Richard and I lost contact after our Sixth form education in the North. He went to Nigeria, to study at Ahmadu Bello University in Zaria, while I proceeded to the University of Cape Coast. Some five years later, I met him briefly in Sokoto in 1983 when I was visiting Thomas Karimu Issah there, another common friend of ours and my former school mate at Notre Dame Seminary Secondary School, Navrongo and Tamale Secondary School. Richard must have just graduated from Ahmadu Bello at the time, and university education must have sharpened further his critical views on society, and there was (and there is still) a lot to criticize about Nigerian and African society for that matter. Richard sounded even more revolutionary than he had been during his secondary school days. That was the last time we met before our roads parted again for an indefinite period of time. Sometime in 2009, I was searching Google for information on Bulsaland, with “Sandema” as my search word when I tumbled on the website of the Foundation for Integrated Strategic Development (FISTRAD), Sandema Educational Resource Centre, and learned that Richard was the brain behind it.
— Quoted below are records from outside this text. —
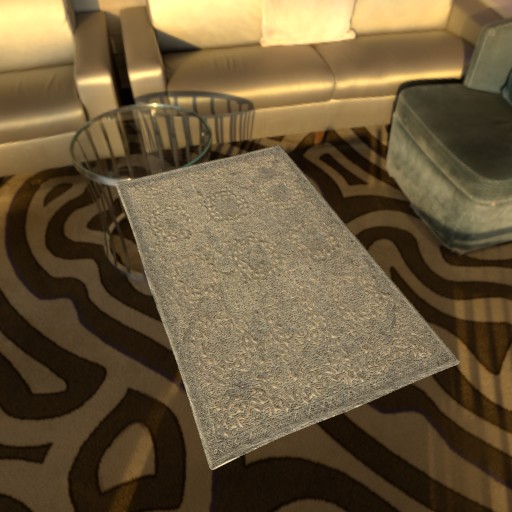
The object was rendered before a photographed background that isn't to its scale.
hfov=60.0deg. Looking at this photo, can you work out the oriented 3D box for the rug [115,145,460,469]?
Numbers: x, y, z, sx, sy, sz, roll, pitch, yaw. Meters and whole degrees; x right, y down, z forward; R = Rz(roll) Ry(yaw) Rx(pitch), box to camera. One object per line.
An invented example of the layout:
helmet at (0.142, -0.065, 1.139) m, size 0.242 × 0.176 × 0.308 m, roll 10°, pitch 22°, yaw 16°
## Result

I was very delighted but not surprised about the information. He has always been passionate about community development and cherished youth empowerment as part of his social responsibility and area of social engangement. He exhibited these from early adulthood! I was very proud of my friend, a man who has made his visionary dream come true. That cannot be taken for granted. The political landscape of Ghana today abounds in former revolutionaries who have succumbed to the temptation of money and material things and abandoned the cause and welfare of the disadvantaged in society. I admire Richard for the consistency with which he has pursued his community-based philanthropic dream. Sandema Educational Resource Centre and Radio Bulsa FM (106.5) have benefited and are still benefiting Buluk, the youth in particular. This is an acknowledgement of gratitude and esteem to him for his selfless contribution to development efforts in Bulsaland.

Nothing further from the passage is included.